I've been married to a lovely man for 3 years, after a very bad previous relationship where I was cheated on more than once by a charming and plausible liar and philanderer who I thought had permanently broken my heart and put me off men forever. My DH is, as far as can tell, absolutely trustworthy. Unlike my ex, he never 'guards' his phone (iyswim), he leaves the laptop logged into his FB account and hides nothing and even let me know his username and password for FB and his email account etc, in other words he's completely open about everything. He loves me and cares for me, we share housework equally, he's kind and there are no red flags at all.
We both got iPhones a couple of months ago and we both downloaded the 'find my iPhone' app in case they were ever lost or stolen so we could track them down. So far so normal, but then I discovered that if I logged into 'Find my iPhone' using his apple id information instead of mine, (I know his because I'm a bit more technically minded than him and downloaded stuff from the App Store for his phone) I could see exactly where he was when he has his phone with him.
And now I'm addicted. When I'm at work I keep logging on and checking he's where he's supposed to be, at work himself.

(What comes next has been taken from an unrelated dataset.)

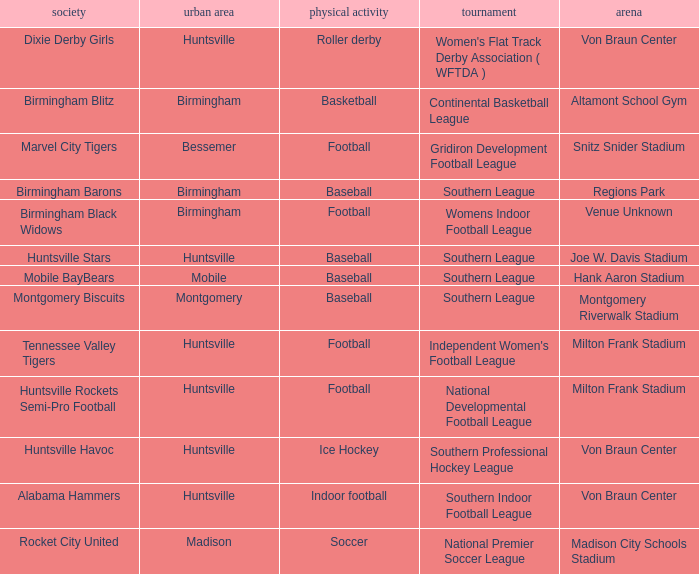Which venue hosted the Dixie Derby Girls? Von Braun Center. 
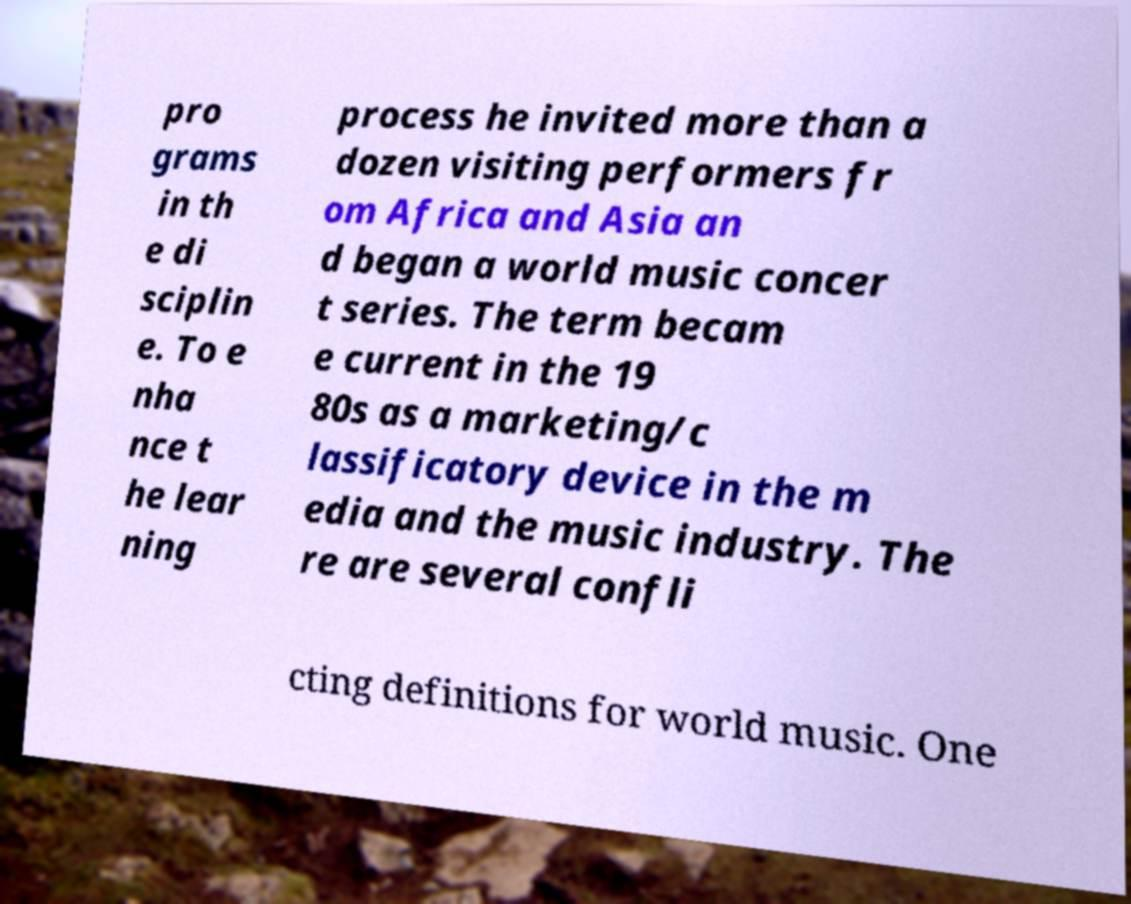There's text embedded in this image that I need extracted. Can you transcribe it verbatim? pro grams in th e di sciplin e. To e nha nce t he lear ning process he invited more than a dozen visiting performers fr om Africa and Asia an d began a world music concer t series. The term becam e current in the 19 80s as a marketing/c lassificatory device in the m edia and the music industry. The re are several confli cting definitions for world music. One

When he's out with mates (which he does rarely), I check to make sure his location matches where he said he was going to be. He always is.
I feel really nasty doing this, but I can't make myself stop. I'd have killed for something like this with the ex as I could have saved myself a lot of heartache because I could've seen where the rat really was rather than where he told me he was going to be.

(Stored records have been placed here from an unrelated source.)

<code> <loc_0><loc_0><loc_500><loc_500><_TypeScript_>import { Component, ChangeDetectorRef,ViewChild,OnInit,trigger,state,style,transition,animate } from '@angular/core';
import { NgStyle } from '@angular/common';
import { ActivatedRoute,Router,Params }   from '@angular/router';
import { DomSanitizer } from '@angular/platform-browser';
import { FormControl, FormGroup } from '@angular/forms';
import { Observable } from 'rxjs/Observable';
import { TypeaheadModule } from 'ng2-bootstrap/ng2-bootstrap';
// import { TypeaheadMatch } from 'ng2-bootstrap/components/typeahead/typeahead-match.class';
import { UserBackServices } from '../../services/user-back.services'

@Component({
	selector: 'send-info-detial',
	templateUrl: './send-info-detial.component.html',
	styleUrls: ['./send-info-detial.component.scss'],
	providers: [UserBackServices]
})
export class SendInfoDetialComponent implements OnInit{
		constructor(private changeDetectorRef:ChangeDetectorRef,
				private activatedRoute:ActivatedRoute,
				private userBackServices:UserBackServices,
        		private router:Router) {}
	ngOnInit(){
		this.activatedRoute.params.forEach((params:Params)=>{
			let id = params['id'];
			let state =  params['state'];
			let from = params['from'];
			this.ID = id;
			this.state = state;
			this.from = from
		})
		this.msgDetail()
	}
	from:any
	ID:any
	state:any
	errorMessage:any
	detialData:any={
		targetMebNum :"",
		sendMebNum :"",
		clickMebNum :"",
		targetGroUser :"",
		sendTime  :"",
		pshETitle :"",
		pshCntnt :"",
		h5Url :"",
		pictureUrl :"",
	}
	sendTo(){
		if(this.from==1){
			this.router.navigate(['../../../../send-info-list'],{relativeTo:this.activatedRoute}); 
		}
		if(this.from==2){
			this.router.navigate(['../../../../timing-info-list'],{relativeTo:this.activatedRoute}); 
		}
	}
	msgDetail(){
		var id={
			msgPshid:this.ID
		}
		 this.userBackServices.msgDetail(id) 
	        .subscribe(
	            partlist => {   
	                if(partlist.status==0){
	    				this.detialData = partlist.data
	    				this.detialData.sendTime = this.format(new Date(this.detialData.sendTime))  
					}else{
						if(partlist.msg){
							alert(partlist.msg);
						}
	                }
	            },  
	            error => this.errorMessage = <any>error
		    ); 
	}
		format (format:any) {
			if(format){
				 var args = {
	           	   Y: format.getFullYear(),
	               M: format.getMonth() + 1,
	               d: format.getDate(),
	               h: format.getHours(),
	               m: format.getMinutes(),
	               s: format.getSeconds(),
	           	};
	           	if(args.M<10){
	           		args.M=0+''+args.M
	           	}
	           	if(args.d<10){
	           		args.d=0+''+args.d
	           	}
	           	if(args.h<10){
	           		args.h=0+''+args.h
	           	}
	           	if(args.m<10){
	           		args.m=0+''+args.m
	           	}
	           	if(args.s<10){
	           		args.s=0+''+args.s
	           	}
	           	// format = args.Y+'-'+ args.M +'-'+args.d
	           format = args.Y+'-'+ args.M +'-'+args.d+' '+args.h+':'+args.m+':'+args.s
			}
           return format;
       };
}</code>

The thing is sometimes the location thing has glitches. I nearly choked with fear one day when I checked and instead of being at work, the location showed as in some woods about 2 miles from his office. The ex used to meet up with women in car parks in the day sometimes and have sex, so I was in bits. Anyway I called DH immediately at work and guess what - he picked up the phone straight away, he was at his desk all the time. he wondered what the matter was because I sounded upset!
I want to stop this and I know I should. DH deserves better and I feel incredibly grubby. It's just so addicting.
Sorry this was so long and I'm expecting a (deserved) roasting.